The researchers first tested a text-based benchmark dataset, where they input user preferences, and then asked the LLM to create personalized rules to determine where the objects belong. The LLM summarized the examples into general rules and then used the summary to determine where to place new objects. The benchmark scenarios were defined in four rooms, with 24 scenarios per room. Each scenario contains two to five places to put objects and equal amounts of seen and unseen objects for the model to sort. This test, they wrote, achieved a 91.2 percent accuracy on unseen objects. 

When they applied this approach to the real-world robot, TidyBot, they found that it was able to successfully put away 85 percent of objects. TidyBot was tested on eight real-world scenarios, each with its own set of ten objects, and ran the bot three times in each scenario. In addition to the LLM, the TidyBot uses an image classifier called CLIP and an object detector called OWL-ViT. 

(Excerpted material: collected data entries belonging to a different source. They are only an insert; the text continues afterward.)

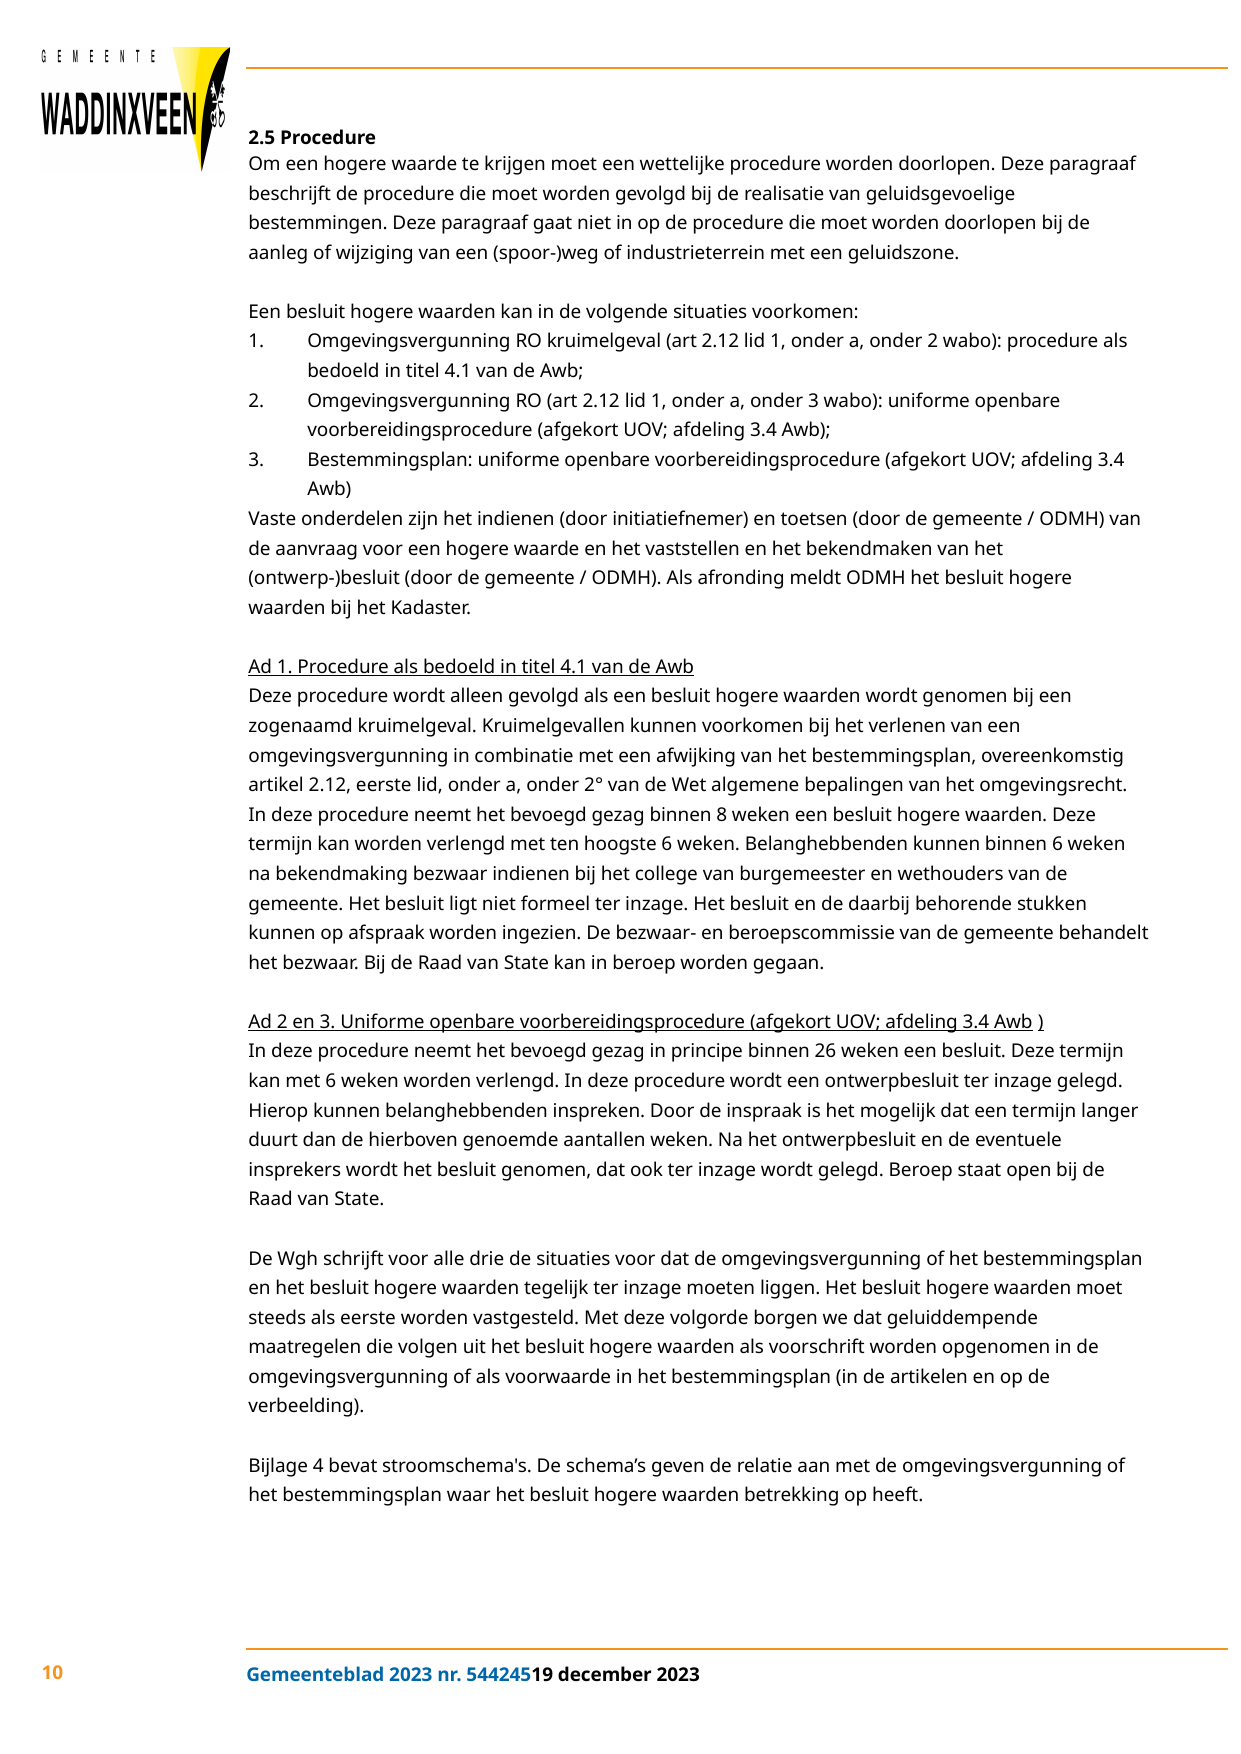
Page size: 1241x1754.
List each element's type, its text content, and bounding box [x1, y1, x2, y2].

list Omgevingsvergunning RO kruimelgeval (art 2.12 lid 1, onder a, onder 2 wabo): procedure als bedoeld in titel 4.1 van de Awb; [248, 328, 1152, 383]
text In deze procedure neemt het bevoegd gezag in principe binnen 26 weken een besluit. Deze termijn kan met 6 weken worden verlengd. In deze procedure wordt een ontwerpbesluit ter inzage gelegd. Hierop kunnen belanghebbenden inspreken. Door de inspraak is het mogelijk dat een termijn langer duurt dan de hierboven genoemde aantallen weken. Na het ontwerpbesluit en de eventuele insprekers wordt het besluit genomen, dat ook ter inzage wordt gelegd. Beroep staat open bij de Raad van State. [248, 1038, 1152, 1211]
text In deze procedure neemt het bevoegd gezag binnen 8 weken een besluit hogere waarden. Deze termijn kan worden verlengd met ten hoogste 6 weken. Belanghebbenden kunnen binnen 6 weken na bekendmaking bezwaar indienen bij het college van burgemeester en wethouders van de gemeente. Het besluit ligt niet formeel ter inzage. Het besluit en de daarbij behorende stukken kunnen op afspraak worden ingezien. De bezwaar- en beroepscommissie van de gemeente behandelt het bezwaar. Bij de Raad van State kan in beroep worden gegaan. [248, 801, 1152, 974]
list Bestemmingsplan: uniforme openbare voorbereidingsprocedure (afgekort UOV; afdeling 3.4 Awb) [248, 446, 1152, 501]
text 2.5 Procedure [248, 124, 1152, 150]
text Ad 1. Procedure als bedoeld in titel 4.1 van de Awb [248, 653, 1152, 679]
text Om een hogere waarde te krijgen moet een wettelijke procedure worden doorlopen. Deze paragraaf beschrijft de procedure die moet worden gevolgd bij de realisatie van geluidsgevoelige bestemmingen. Deze paragraaf gaat niet in op de procedure die moet worden doorlopen bij de aanleg of wijziging van een (spoor-)weg of industrieterrein met een geluidszone. [248, 150, 1152, 264]
text Bijlage 4 bevat stroomschema's. De schema’s geven de relatie aan met de omgevingsvergunning of het bestemmingsplan waar het besluit hogere waarden betrekking op heeft. [248, 1452, 1152, 1507]
list Omgevingsvergunning RO (art 2.12 lid 1, onder a, onder 3 wabo): uniforme openbare voorbereidingsprocedure (afgekort UOV; afdeling 3.4 Awb); [248, 387, 1152, 442]
text De Wgh schrijft voor alle drie de situaties voor dat de omgevingsvergunning of het bestemmingsplan en het besluit hogere waarden tegelijk ter inzage moeten liggen. Het besluit hogere waarden moet steeds als eerste worden vastgesteld. Met deze volgorde borgen we dat geluiddempende maatregelen die volgen uit het besluit hogere waarden als voorschrift worden opgenomen in de omgevingsvergunning of als voorwaarde in het bestemmingsplan (in de artikelen en op de verbeelding). [248, 1245, 1152, 1418]
picture [41, 47, 231, 172]
text Vaste onderdelen zijn het indienen (door initiatiefnemer) en toetsen (door de gemeente / ODMH) van de aanvraag voor een hogere waarde en het vaststellen en het bekendmaken van het (ontwerp-)besluit (door de gemeente / ODMH). Als afronding meldt ODMH het besluit hogere waarden bij het Kadaster. [248, 505, 1152, 619]
text Ad 2 en 3. Uniforme openbare voorbereidingsprocedure (afgekort UOV; afdeling 3.4 Awb ) [248, 1008, 1152, 1034]
text Deze procedure wordt alleen gevolgd als een besluit hogere waarden wordt genomen bij een zogenaamd kruimelgeval. Kruimelgevallen kunnen voorkomen bij het verlenen van een omgevingsvergunning in combinatie met een afwijking van het bestemmingsplan, overeenkomstig artikel 2.12, eerste lid, onder a, onder 2° van de Wet algemene bepalingen van het omgevingsrecht. [248, 683, 1152, 797]
text Een besluit hogere waarden kan in de volgende situaties voorkomen: [248, 298, 1152, 324]

Danfei Xu, an Assistant Professor at the School of Interactive Computing at Georgia Tech, told Motherboard that LLMs allow robots to have more problem-solving capabilities. “Previous task planning systems most rely on some forms of search or optimization algorithms, which are not very flexible and hard to construct. LLMs and multimodal LLM allows these systems to reap the benefit of the Internet-scale data and easily generalize to new problems,” he said when asked about Google’s PaLM-E.